The Conservatives are keeping a stranglehold on media questions. Here are a few that aren’t getting to the party leader.

Amanda Follett Hosgood 10 Apr 2025The Tyee

Amanda Follett Hosgood is The Tyee’s northern B.C. reporter. She lives on Wet’suwet’en territory. Find her on Bluesky @amandafollett.bsky.social.

At a Conservative campaign stop in Sault Ste. Marie yesterday, as leader Pierre Poilievre moved to the last of four questions he’d take from the media, a voice could be heard shouting from the distance.

Poilievre quickly dismissed the interruption as a “protester.”

Except it wasn’t a protester. Instead, it was Judy Trinh, an award-winning journalist and national correspondent with CTV News, who later pointed out in a social media post: “Mr. Poilievre knows I’m a member of the Parliamentary Press Gallery. I’ve asked him questions on the Hill.”

It’s not the first time a desperate reporter has gone rogue while covering the Conservative leader’s election campaign.

Over the weekend, the Globe and Mail reported that “a clamour erupted at the back of the room” as reporters made last-minute, Hail Mary attempts to get questions to the Conservative leader at a press conference in Toronto.

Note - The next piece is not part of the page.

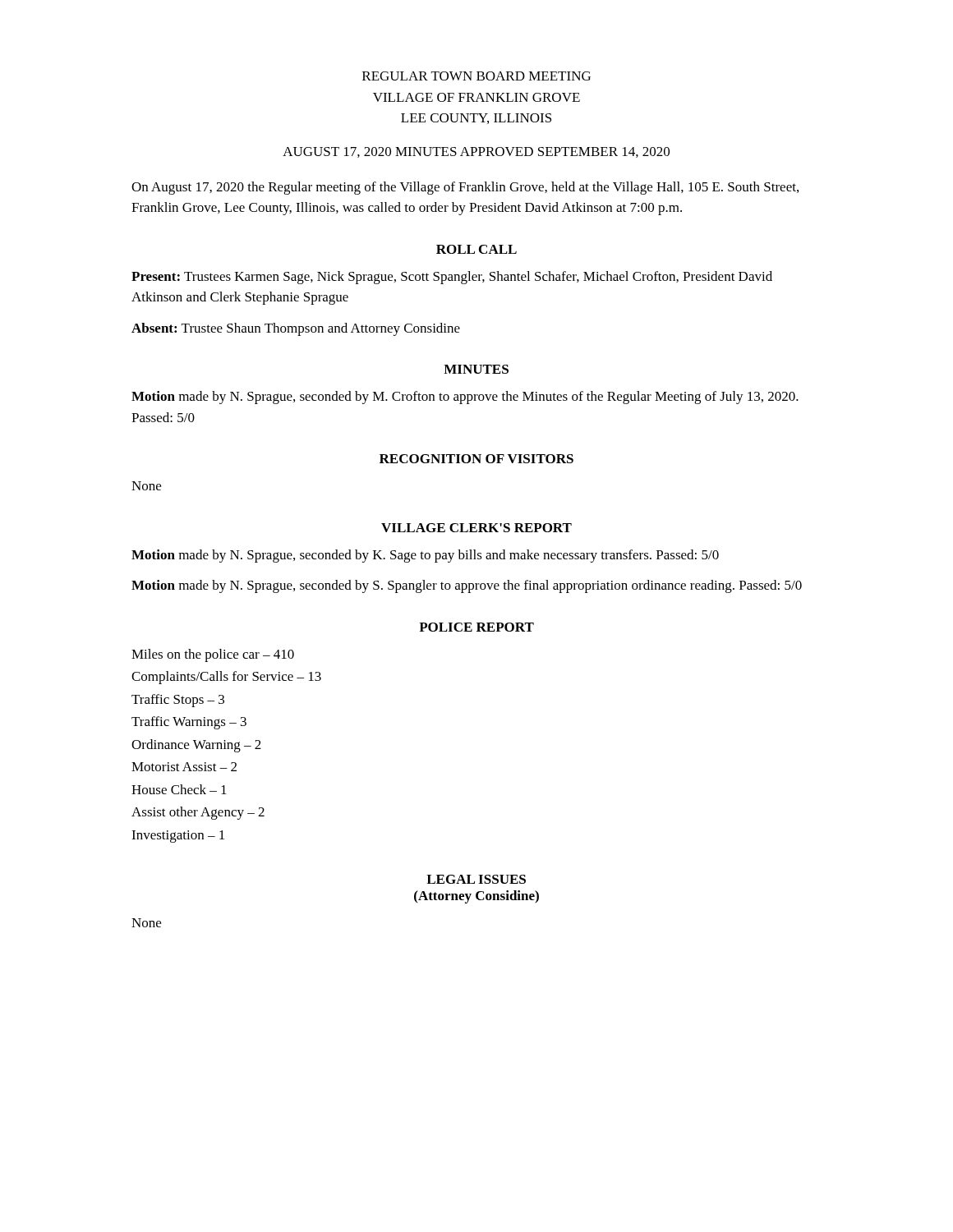This screenshot has width=953, height=1232.
Task: Select the text block starting "Miles on the police car"
Action: point(213,654)
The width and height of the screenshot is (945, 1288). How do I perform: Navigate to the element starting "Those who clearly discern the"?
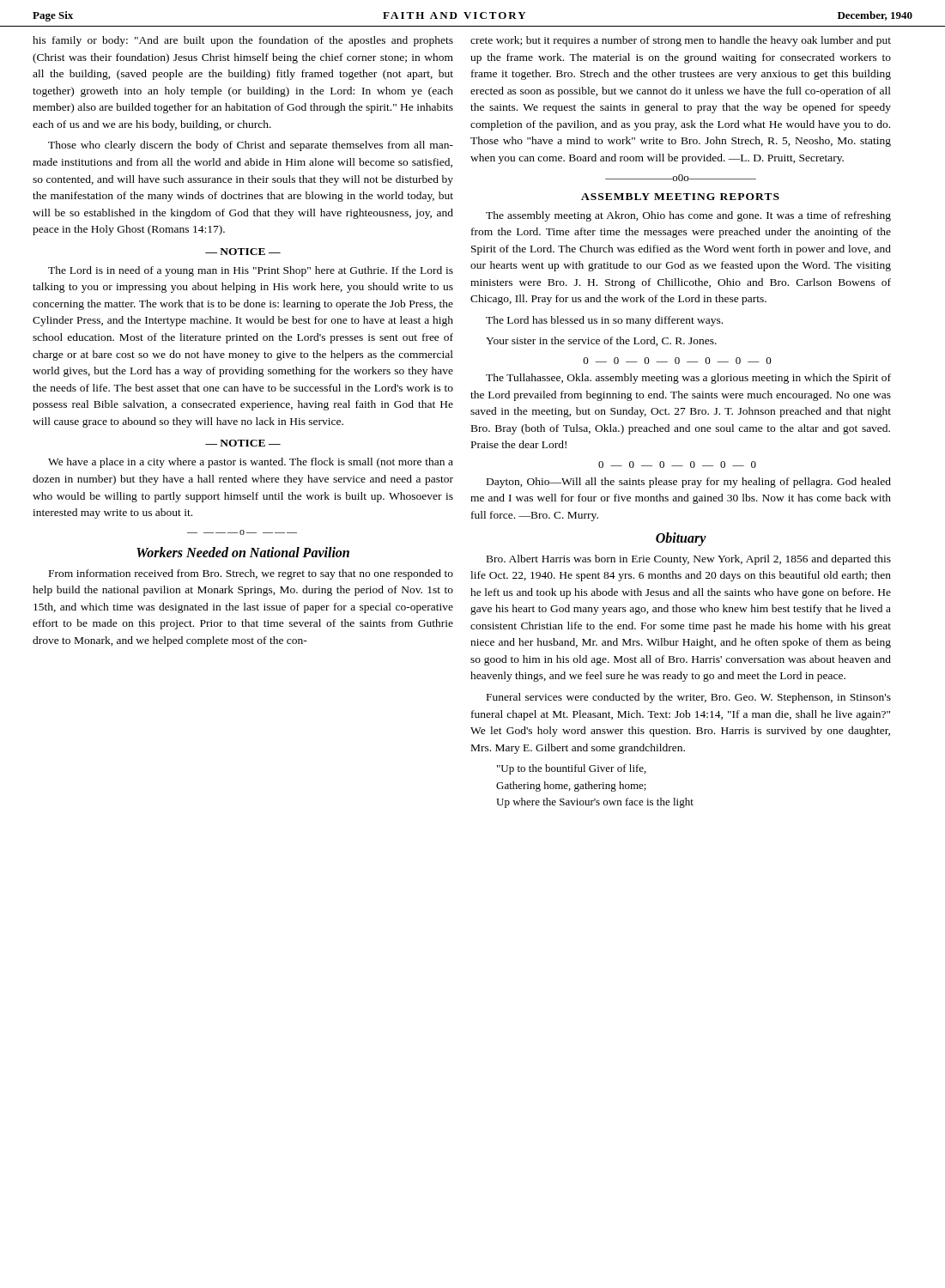click(x=243, y=187)

The Globe estimated that Liberal Leader Mark Carney had fielded roughly three times as many questions as Poilievre during the first two weeks of the campaign.

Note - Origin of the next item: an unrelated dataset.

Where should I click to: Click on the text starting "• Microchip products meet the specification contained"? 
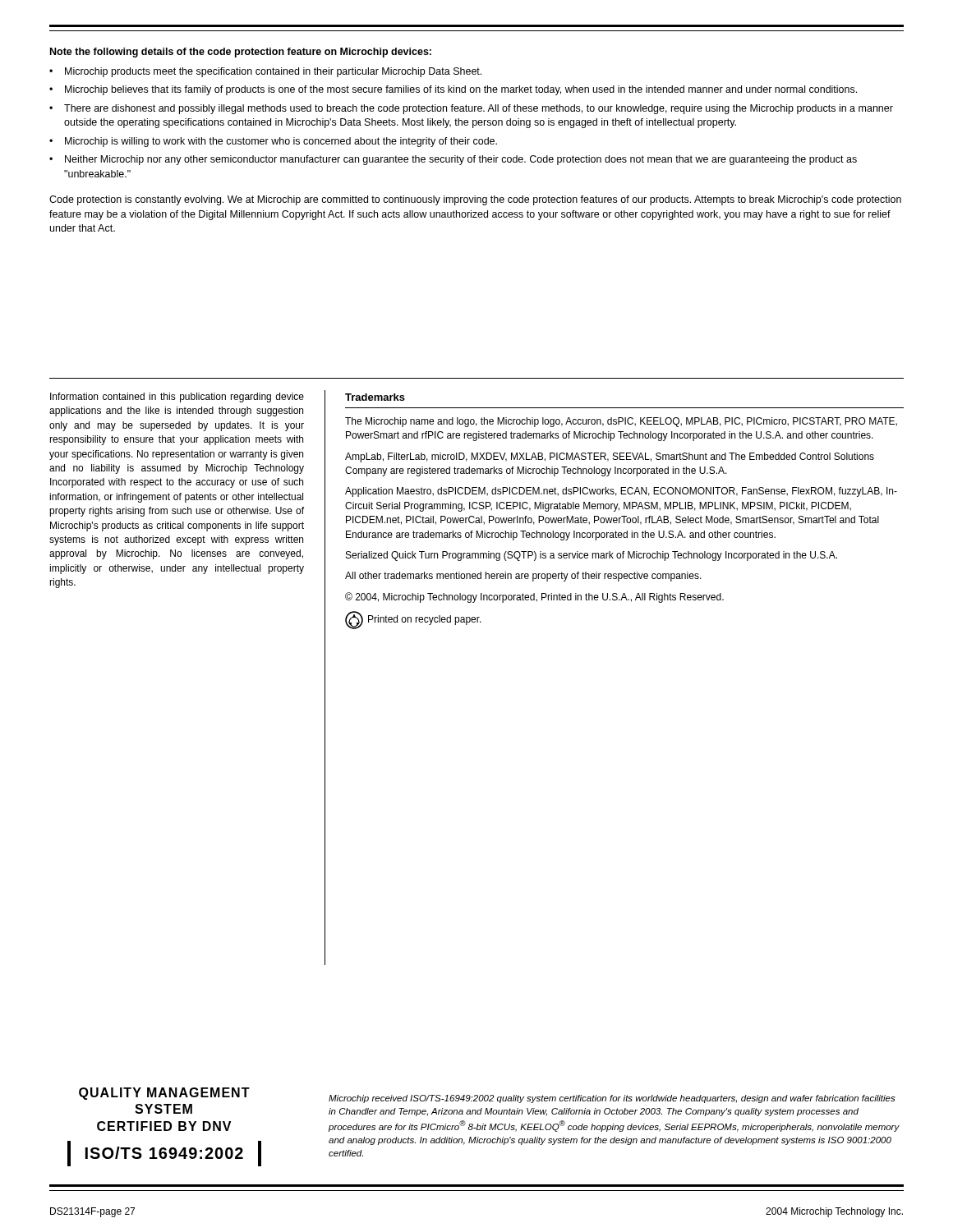(x=266, y=72)

Reporters rarely want to be the story. But the Conservative party’s tight grasp on the media’s ability to ask basic questions has been increasingly gaining the spotlight during the current federal election.

At events where Poilievre does take questions, the party has capped the number of questions at four and doesn’t allow followup questions. According to reporters covering the campaign events, that makes it difficult to pin down the party leader on answers.

In addition, Conservative staffers are sometimes vetting questions from reporters in advance.

Reporters describe being corralled at events and told not to speak with supporters. The Tyee was recently told that a campaign stop was “closed” to media.

It’s part of an alarming shift and erosion of traditional norms when it comes to covering politics, Canadian Association of Journalists president Brent Jolly said.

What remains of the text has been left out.